Copy out exactly, from the entries that follow, the line holding "deg. One object per line.", the line holding "HFOV 64.4°. For", and all lines between them, but no pictures.

*** Opening of Available data ***

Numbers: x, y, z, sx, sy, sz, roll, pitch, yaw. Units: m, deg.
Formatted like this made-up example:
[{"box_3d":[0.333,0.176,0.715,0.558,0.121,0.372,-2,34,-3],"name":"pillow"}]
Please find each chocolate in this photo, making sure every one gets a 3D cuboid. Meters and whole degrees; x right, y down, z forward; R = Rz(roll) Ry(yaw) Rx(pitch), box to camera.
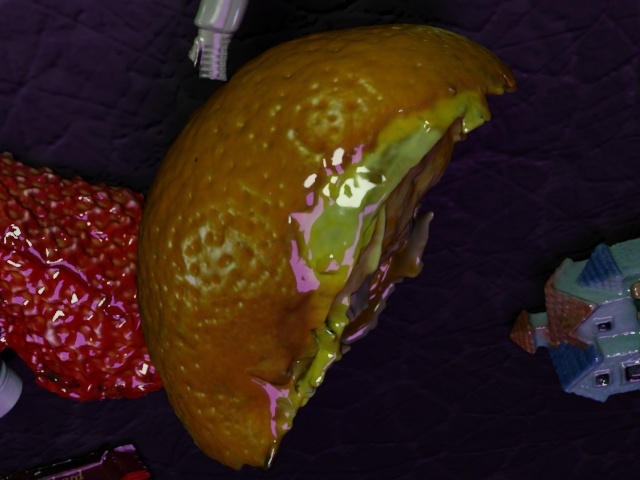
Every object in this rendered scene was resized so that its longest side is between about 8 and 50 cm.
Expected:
[{"box_3d":[-0.259,0.250,0.945,0.182,0.028,0.086,-11,127,-1],"name":"chocolate"}]

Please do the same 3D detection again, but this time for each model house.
[{"box_3d":[0.249,0.081,0.867,0.148,0.119,0.148,-12,131,8],"name":"model house"}]

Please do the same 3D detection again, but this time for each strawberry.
[{"box_3d":[-0.193,0.047,0.742,0.188,0.106,0.286,-42,124,19],"name":"strawberry"}]

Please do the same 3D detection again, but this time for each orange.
[{"box_3d":[-0.007,-0.007,0.656,0.262,0.196,0.335,-31,148,-41],"name":"orange"}]

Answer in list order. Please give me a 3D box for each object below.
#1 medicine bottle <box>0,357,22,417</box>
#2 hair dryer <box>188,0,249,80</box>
[{"box_3d":[-0.300,0.097,0.780,0.055,0.074,0.118,-24,130,7],"name":"medicine bottle"},{"box_3d":[-0.004,-0.230,0.552,0.218,0.088,0.225,-22,111,-14],"name":"hair dryer"}]
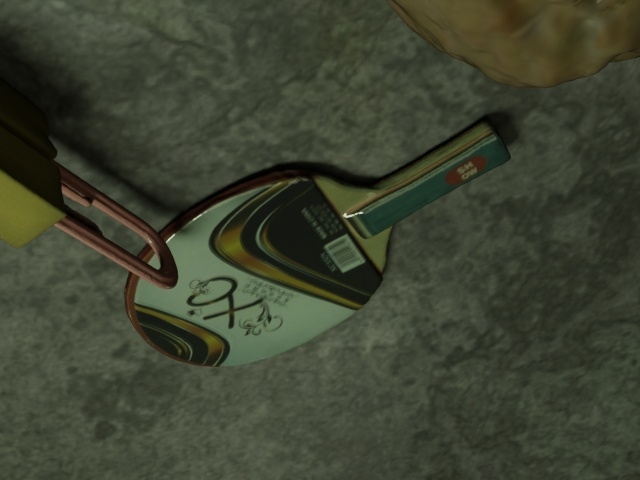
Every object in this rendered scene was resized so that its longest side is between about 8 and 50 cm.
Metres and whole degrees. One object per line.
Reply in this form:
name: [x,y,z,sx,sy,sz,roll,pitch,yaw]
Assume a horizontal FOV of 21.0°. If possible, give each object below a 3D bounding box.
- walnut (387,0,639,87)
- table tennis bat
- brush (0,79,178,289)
walnut: [0.137,-0.223,0.962,0.273,0.227,0.273,-9,128,-11]
table tennis bat: [0.000,0.000,1.257,0.301,0.022,0.173,-28,135,8]
brush: [-0.172,-0.030,1.107,0.047,0.103,0.233,-36,134,17]
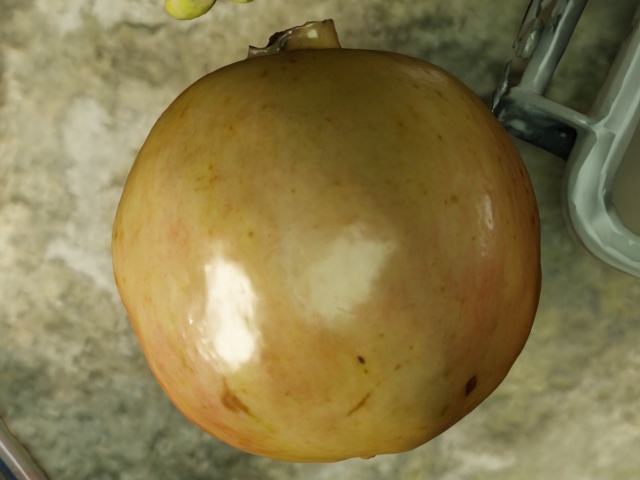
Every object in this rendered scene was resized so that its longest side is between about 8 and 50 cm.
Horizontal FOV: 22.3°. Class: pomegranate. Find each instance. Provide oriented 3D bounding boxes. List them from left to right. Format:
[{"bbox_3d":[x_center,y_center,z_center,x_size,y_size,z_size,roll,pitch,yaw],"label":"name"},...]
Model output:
[{"bbox_3d":[-0.001,0.003,0.694,0.191,0.191,0.191,0,96,-2],"label":"pomegranate"}]

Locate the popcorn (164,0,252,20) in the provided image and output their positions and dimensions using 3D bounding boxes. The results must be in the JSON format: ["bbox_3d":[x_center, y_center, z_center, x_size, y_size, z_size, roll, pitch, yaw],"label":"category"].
[{"bbox_3d":[-0.048,-0.163,0.708,0.145,0.125,0.126,20,84,-23],"label":"popcorn"}]

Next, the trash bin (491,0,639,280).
[{"bbox_3d":[0.244,-0.060,0.606,0.296,0.368,0.256,25,95,-4],"label":"trash bin"}]

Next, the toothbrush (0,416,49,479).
[{"bbox_3d":[-0.165,0.086,0.777,0.027,0.021,0.269,-32,97,6],"label":"toothbrush"}]
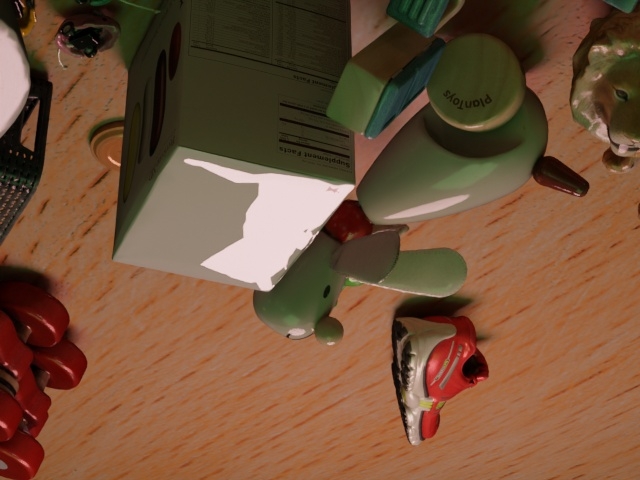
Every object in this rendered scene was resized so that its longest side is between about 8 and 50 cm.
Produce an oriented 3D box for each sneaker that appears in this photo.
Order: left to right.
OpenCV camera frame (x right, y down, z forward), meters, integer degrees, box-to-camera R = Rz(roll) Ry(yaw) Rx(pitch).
[{"bbox_3d":[0.157,0.181,1.696,0.118,0.107,0.279,-9,152,-3],"label":"sneaker"}]

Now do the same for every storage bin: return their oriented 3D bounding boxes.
[{"bbox_3d":[-0.322,-0.072,1.240,0.084,0.122,0.180,15,146,-25],"label":"storage bin"}]

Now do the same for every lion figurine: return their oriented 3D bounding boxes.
[{"bbox_3d":[0.394,-0.125,1.176,0.392,0.142,0.240,-9,143,-12],"label":"lion figurine"}]

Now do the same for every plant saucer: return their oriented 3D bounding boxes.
[{"bbox_3d":[-0.188,-0.090,1.318,0.084,0.013,0.083,0,149,0],"label":"plant saucer"}]

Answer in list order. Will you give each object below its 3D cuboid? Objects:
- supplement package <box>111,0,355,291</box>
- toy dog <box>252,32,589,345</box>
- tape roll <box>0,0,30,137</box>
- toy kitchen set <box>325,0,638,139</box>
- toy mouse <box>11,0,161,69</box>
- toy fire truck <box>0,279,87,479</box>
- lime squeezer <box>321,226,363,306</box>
[{"bbox_3d":[-0.076,-0.098,1.121,0.149,0.203,0.194,12,147,-20],"label":"supplement package"},{"bbox_3d":[0.104,-0.019,1.173,0.220,0.161,0.333,-12,143,-54],"label":"toy dog"},{"bbox_3d":[-0.345,-0.140,1.045,0.219,0.072,0.219,-16,147,-11],"label":"tape roll"},{"bbox_3d":[0.130,-0.156,0.992,0.166,0.122,0.207,31,125,10],"label":"toy kitchen set"},{"bbox_3d":[-0.204,-0.200,1.114,0.143,0.031,0.161,-4,149,6],"label":"toy mouse"},{"bbox_3d":[-0.439,0.147,1.596,0.254,0.169,0.302,15,150,10],"label":"toy fire truck"},{"bbox_3d":[0.000,0.000,1.450,0.110,0.058,0.310,18,162,31],"label":"lime squeezer"}]
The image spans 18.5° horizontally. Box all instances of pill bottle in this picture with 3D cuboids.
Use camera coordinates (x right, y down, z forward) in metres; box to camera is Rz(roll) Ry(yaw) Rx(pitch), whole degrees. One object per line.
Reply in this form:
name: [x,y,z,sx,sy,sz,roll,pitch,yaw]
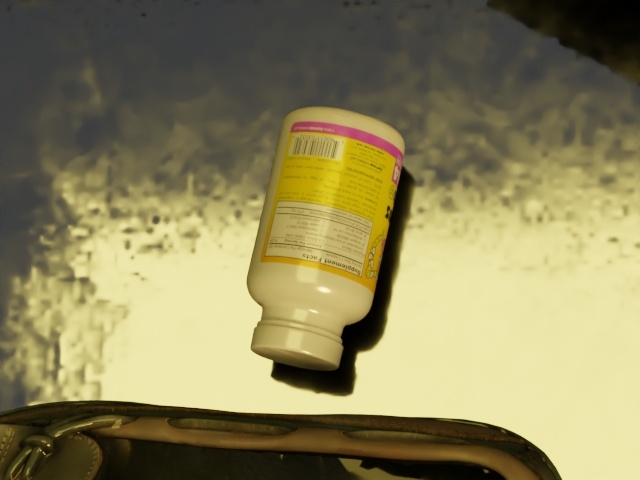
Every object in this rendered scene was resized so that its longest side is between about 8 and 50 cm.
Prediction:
pill bottle: [0.000,0.000,0.663,0.043,0.043,0.083,11,76,10]

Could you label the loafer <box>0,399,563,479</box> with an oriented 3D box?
loafer: [-0.055,0.089,0.624,0.268,0.084,0.096,-6,74,6]
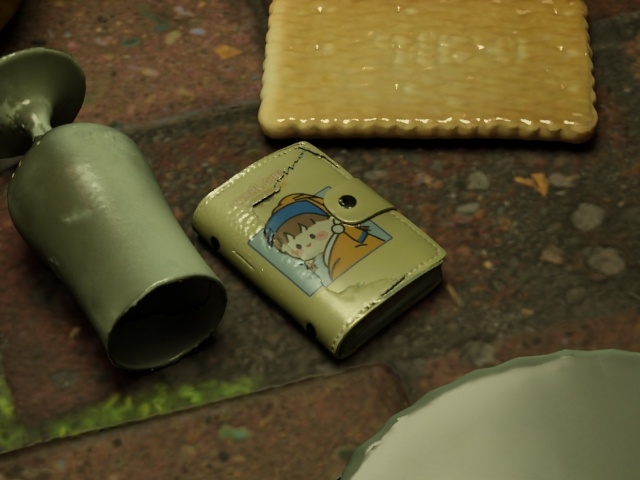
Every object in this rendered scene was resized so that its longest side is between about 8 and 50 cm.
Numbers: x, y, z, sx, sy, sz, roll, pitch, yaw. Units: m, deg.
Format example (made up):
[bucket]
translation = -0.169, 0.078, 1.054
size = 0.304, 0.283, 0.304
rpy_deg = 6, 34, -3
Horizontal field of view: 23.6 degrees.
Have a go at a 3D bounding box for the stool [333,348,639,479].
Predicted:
[stool]
translation = 0.110, 0.240, 0.645
size = 0.297, 0.330, 0.297
rpy_deg = -2, 50, 2

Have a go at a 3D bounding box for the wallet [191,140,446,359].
[wallet]
translation = 0.000, 0.000, 1.044
size = 0.110, 0.039, 0.155
rpy_deg = -36, 58, -23

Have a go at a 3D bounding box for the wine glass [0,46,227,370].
[wine glass]
translation = -0.155, -0.021, 1.032
size = 0.103, 0.103, 0.231
rpy_deg = -26, 57, -18

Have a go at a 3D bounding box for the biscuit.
[biscuit]
translation = 0.081, -0.132, 1.157
size = 0.250, 0.030, 0.160
rpy_deg = 0, 49, 3

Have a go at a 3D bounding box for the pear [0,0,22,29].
[pear]
translation = -0.326, -0.256, 1.134
size = 0.281, 0.280, 0.280
rpy_deg = -2, 50, 2
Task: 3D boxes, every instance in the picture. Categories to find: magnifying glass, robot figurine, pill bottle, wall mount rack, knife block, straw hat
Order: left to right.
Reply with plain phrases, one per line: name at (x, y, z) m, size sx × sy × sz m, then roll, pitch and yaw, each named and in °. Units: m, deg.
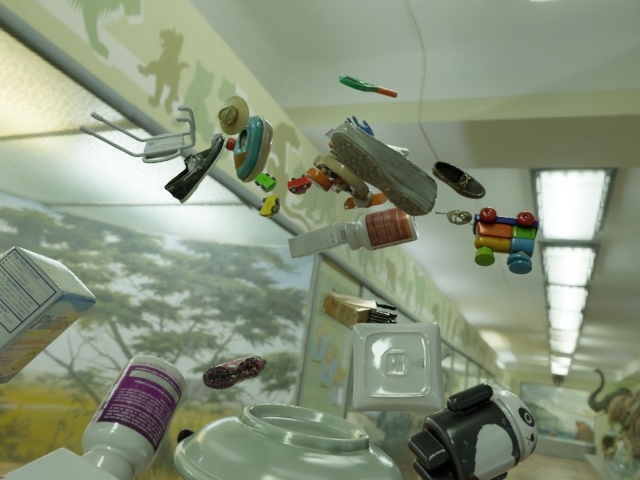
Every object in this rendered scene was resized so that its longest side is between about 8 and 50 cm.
pill bottle at (-0.437, 0.425, 1.314) m, size 0.170 × 0.301 × 0.169 m, roll 5°, pitch -55°, yaw 8°
wall mount rack at (-0.527, -0.321, 1.704) m, size 0.305 × 0.130 × 0.350 m, roll -10°, pitch 23°, yaw -8°
straw hat at (-0.323, -0.440, 2.011) m, size 0.145 × 0.144 × 0.061 m, roll -1°, pitch 1°, yaw 34°
knife block at (0.178, 0.289, 2.366) m, size 0.242 × 0.088 × 0.276 m, roll -3°, pitch 22°, yaw -44°
magnifying glass at (0.152, -0.479, 1.797) m, size 0.231 × 0.026 × 0.092 m, roll 1°, pitch 31°, yaw -38°
pill bottle at (0.196, -0.036, 1.841) m, size 0.216 × 0.121 × 0.121 m, roll -13°, pitch -19°, yaw 13°
robot figurine at (0.337, 0.438, 1.256) m, size 0.279 × 0.173 × 0.209 m, roll -19°, pitch -34°, yaw -15°

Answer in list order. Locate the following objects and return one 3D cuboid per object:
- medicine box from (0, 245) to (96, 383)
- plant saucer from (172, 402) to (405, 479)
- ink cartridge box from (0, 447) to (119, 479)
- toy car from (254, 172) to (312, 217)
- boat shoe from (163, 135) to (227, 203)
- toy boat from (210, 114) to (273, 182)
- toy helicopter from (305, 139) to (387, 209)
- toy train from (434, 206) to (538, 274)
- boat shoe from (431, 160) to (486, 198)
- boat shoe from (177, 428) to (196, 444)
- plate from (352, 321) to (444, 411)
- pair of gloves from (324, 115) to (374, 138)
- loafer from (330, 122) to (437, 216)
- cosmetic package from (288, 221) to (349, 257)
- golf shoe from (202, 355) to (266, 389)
medicine box at (-0.685, 0.174, 1.269) m, size 0.149 × 0.289 × 0.263 m, roll 46°, pitch -11°, yaw 2°
plant saucer at (-0.034, 0.344, 0.944) m, size 0.401 × 0.100 × 0.400 m, roll 11°, pitch -6°, yaw 1°
ink cartridge box at (-0.521, 0.606, 0.981) m, size 0.161 × 0.384 × 0.279 m, roll 15°, pitch 12°, yaw 25°
toy car at (-0.162, -0.184, 2.100) m, size 0.225 × 0.239 × 0.053 m, roll 37°, pitch -21°, yaw 44°
boat shoe at (-0.357, -0.218, 1.663) m, size 0.079 × 0.233 × 0.084 m, roll 40°, pitch -3°, yaw -22°
toy boat at (-0.317, -0.371, 2.281) m, size 0.148 × 0.267 × 0.318 m, roll 8°, pitch 9°, yaw -35°
toy helicopter at (0.073, -0.175, 1.751) m, size 0.235 × 0.140 × 0.355 m, roll 37°, pitch -2°, yaw -8°
toy train at (0.394, 0.001, 1.394) m, size 0.248 × 0.143 × 0.105 m, roll 8°, pitch -39°, yaw 13°
boat shoe at (0.529, -0.230, 2.193) m, size 0.228 × 0.081 × 0.068 m, roll 31°, pitch -4°, yaw 11°
boat shoe at (-0.279, 0.542, 1.434) m, size 0.190 × 0.068 × 0.072 m, roll 36°, pitch 3°, yaw 26°
plate at (0.235, 0.383, 1.769) m, size 0.278 × 0.277 × 0.045 m, roll -2°, pitch -25°, yaw 9°
pair of gloves at (0.111, -0.329, 1.883) m, size 0.159 × 0.198 × 0.023 m, roll 46°, pitch -35°, yaw 11°
loafer at (0.157, -0.180, 1.362) m, size 0.320 × 0.111 × 0.112 m, roll 37°, pitch -25°, yaw -28°
cosmetic package at (0.000, 0.000, 2.187) m, size 0.231 × 0.085 × 0.117 m, roll -16°, pitch -6°, yaw 36°
golf shoe at (-0.237, 0.369, 1.605) m, size 0.186 × 0.067 × 0.086 m, roll -16°, pitch -6°, yaw 11°
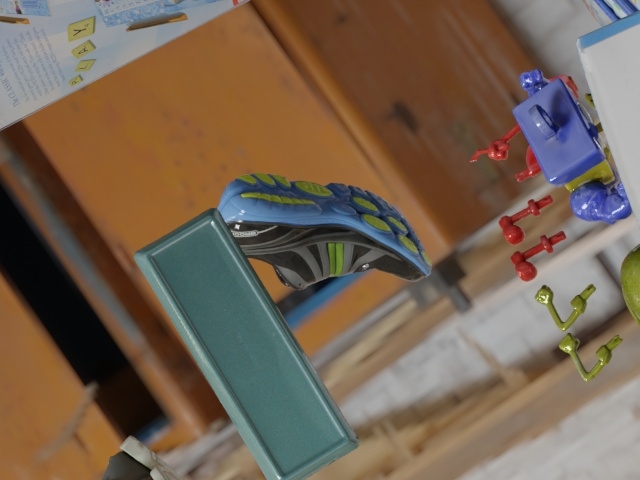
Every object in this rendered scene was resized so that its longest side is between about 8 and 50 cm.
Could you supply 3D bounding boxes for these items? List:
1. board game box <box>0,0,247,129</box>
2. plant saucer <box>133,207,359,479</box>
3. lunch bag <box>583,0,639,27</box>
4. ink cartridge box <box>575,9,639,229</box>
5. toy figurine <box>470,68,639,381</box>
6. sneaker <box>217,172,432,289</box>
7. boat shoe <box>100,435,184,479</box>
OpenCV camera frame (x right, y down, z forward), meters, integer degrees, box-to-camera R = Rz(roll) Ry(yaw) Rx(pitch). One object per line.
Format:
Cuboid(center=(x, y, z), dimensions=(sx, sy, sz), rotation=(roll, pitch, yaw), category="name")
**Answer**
Cuboid(center=(-0.183, -0.221, 1.368), dimensions=(0.318, 0.066, 0.318), rotation=(-28, 156, -8), category="board game box")
Cuboid(center=(-0.050, 0.072, 1.297), dimensions=(0.067, 0.192, 0.018), rotation=(-31, 173, -8), category="plant saucer")
Cuboid(center=(0.360, -0.244, 2.076), dimensions=(0.090, 0.219, 0.176), rotation=(-40, 167, 2), category="lunch bag")
Cuboid(center=(0.325, -0.061, 1.273), dimensions=(0.198, 0.197, 0.270), rotation=(-23, 166, 21), category="ink cartridge box")
Cuboid(center=(0.259, -0.057, 2.070), dimensions=(0.191, 0.362, 0.217), rotation=(-28, 146, 12), category="toy figurine")
Cuboid(center=(0.000, 0.000, 1.471), dimensions=(0.188, 0.067, 0.078), rotation=(11, 124, -29), category="sneaker")
Cuboid(center=(-0.162, 0.281, 1.907), dimensions=(0.099, 0.116, 0.319), rotation=(-48, -162, -6), category="boat shoe")
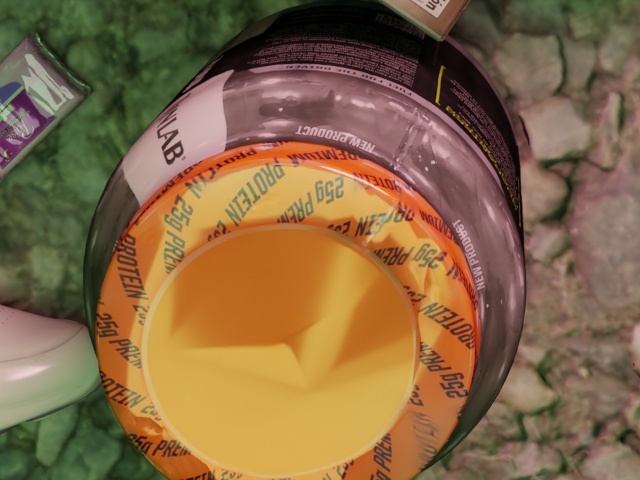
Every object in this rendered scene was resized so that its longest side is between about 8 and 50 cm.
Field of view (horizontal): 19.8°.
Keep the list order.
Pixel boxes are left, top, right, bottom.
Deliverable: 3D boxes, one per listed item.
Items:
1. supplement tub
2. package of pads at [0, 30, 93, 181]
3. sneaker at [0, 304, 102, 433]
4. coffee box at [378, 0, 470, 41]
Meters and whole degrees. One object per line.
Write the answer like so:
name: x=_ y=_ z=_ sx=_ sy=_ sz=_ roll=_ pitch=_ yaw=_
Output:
supplement tub: x=0.000 y=0.000 z=0.927 sx=0.207 sy=0.338 sz=0.207 roll=1 pitch=105 yaw=5
package of pads: x=-0.180 y=-0.078 z=1.082 sx=0.083 sy=0.032 sz=0.050 roll=-42 pitch=96 yaw=14
sneaker: x=-0.275 y=0.037 z=1.079 sx=0.305 sy=0.114 sz=0.152 roll=7 pitch=107 yaw=4
coffee box: x=-0.038 y=-0.238 z=0.919 sx=0.297 sy=0.168 sz=0.119 roll=32 pitch=98 yaw=-18
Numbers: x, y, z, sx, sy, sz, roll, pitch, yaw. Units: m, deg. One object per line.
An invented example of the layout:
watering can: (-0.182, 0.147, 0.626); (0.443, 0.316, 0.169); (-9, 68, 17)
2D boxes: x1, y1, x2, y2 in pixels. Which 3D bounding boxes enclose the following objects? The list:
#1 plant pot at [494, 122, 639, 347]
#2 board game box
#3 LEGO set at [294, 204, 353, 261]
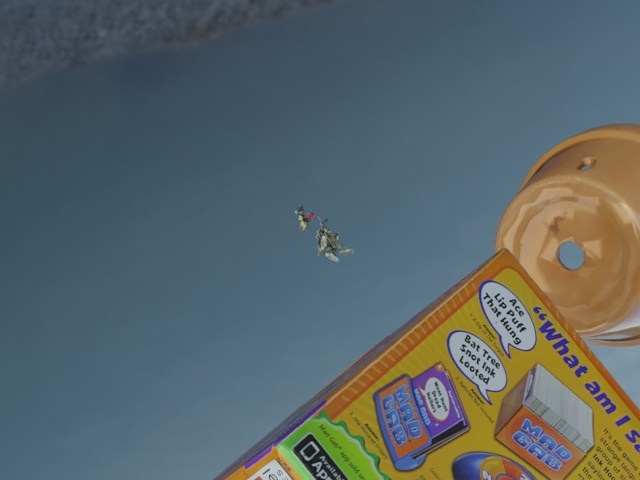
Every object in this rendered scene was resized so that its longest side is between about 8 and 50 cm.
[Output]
plant pot: (0.349, 0.007, 1.947); (0.291, 0.291, 0.203); (-52, 162, 28)
board game box: (0.083, 0.295, 1.356); (0.356, 0.356, 0.356); (-35, 175, -46)
LEGO set: (-0.001, -0.002, 1.533); (0.023, 0.054, 0.083); (-37, 117, 19)
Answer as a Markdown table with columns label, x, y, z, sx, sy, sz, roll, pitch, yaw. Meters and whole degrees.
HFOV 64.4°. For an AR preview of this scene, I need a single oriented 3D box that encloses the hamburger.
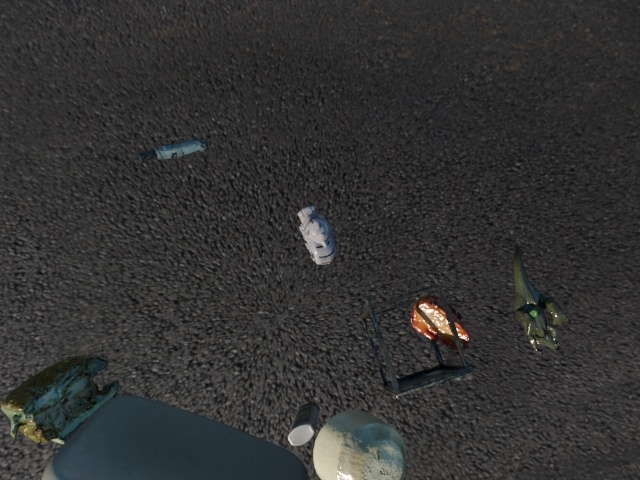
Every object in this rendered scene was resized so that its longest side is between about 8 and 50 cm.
| label | x | y | z | sx | sy | sz | roll | pitch | yaw |
| --- | --- | --- | --- | --- | --- | --- | --- | --- | --- |
| hamburger | -0.730 | 0.439 | 1.407 | 0.192 | 0.288 | 0.168 | -6 | 110 | 30 |

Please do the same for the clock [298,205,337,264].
| label | x | y | z | sx | sy | sz | roll | pitch | yaw |
| --- | --- | --- | --- | --- | --- | --- | --- | --- | --- |
| clock | -0.001 | 0.000 | 1.426 | 0.080 | 0.117 | 0.176 | -23 | 122 | -6 |

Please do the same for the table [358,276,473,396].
| label | x | y | z | sx | sy | sz | roll | pitch | yaw |
| --- | --- | --- | --- | --- | --- | --- | --- | --- | --- |
| table | 0.265 | 0.291 | 1.521 | 0.222 | 0.335 | 0.272 | -17 | 77 | -3 |

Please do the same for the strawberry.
| label | x | y | z | sx | sy | sz | roll | pitch | yaw |
| --- | --- | --- | --- | --- | --- | --- | --- | --- | --- |
| strawberry | 0.347 | 0.237 | 1.453 | 0.188 | 0.082 | 0.121 | 42 | 122 | 10 |

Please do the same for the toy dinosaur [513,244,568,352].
| label | x | y | z | sx | sy | sz | roll | pitch | yaw |
| --- | --- | --- | --- | --- | --- | --- | --- | --- | --- |
| toy dinosaur | 0.406 | 0.130 | 1.015 | 0.087 | 0.179 | 0.187 | -19 | 122 | -3 |

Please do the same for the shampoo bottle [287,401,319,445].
| label | x | y | z | sx | sy | sz | roll | pitch | yaw |
| --- | --- | --- | --- | --- | --- | --- | --- | --- | --- |
| shampoo bottle | -0.049 | 0.573 | 1.599 | 0.086 | 0.227 | 0.056 | -30 | 87 | 3 |

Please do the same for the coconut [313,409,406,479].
| label | x | y | z | sx | sy | sz | roll | pitch | yaw |
| --- | --- | --- | --- | --- | --- | --- | --- | --- | --- |
| coconut | 0.105 | 0.607 | 1.443 | 0.237 | 0.266 | 0.238 | 4 | 82 | -28 |

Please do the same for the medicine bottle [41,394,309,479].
| label | x | y | z | sx | sy | sz | roll | pitch | yaw |
| --- | --- | --- | --- | --- | --- | --- | --- | --- | --- |
| medicine bottle | -0.206 | 0.378 | 0.774 | 0.375 | 0.282 | 0.123 | 21 | 105 | 0 |

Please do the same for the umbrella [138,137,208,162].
| label | x | y | z | sx | sy | sz | roll | pitch | yaw |
| --- | --- | --- | --- | --- | --- | --- | --- | --- | --- |
| umbrella | -0.539 | -0.333 | 1.863 | 0.250 | 0.052 | 0.053 | -15 | 43 | -14 |

*** Close of Available data ***

_Answer to the problem_.
Numbers: x, y, z, sx, sy, sz, roll, pitch, yaw. Units: m, deg. One object per line.
An invented example of the layout:
watering can: (-0.182, 0.147, 0.626); (0.443, 0.316, 0.169); (-9, 68, 17)
2D boxes: x1, y1, x2, y2 in pixels. Which 3D bounding boxes enclose the following objects? The list:
#1 plant pot at [494, 122, 639, 347]
#2 board game box
#3 LEGO set at [294, 204, 353, 261]
Every object in this rendered scene was resized so that its longest side is between about 8 and 50 cm.
[Output]
plant pot: (0.349, 0.007, 1.947); (0.291, 0.291, 0.203); (-52, 162, 28)
board game box: (0.083, 0.295, 1.356); (0.356, 0.356, 0.356); (-35, 175, -46)
LEGO set: (-0.001, -0.002, 1.533); (0.023, 0.054, 0.083); (-37, 117, 19)
Answer as a Markdown table with columns label, x, y, z, sx, sy, sz, roll, pitch, yaw. Meters and whole degrees.
HFOV 64.4°. For an AR preview of this scene, I need a single oriented 3D box that encloses the hamburger.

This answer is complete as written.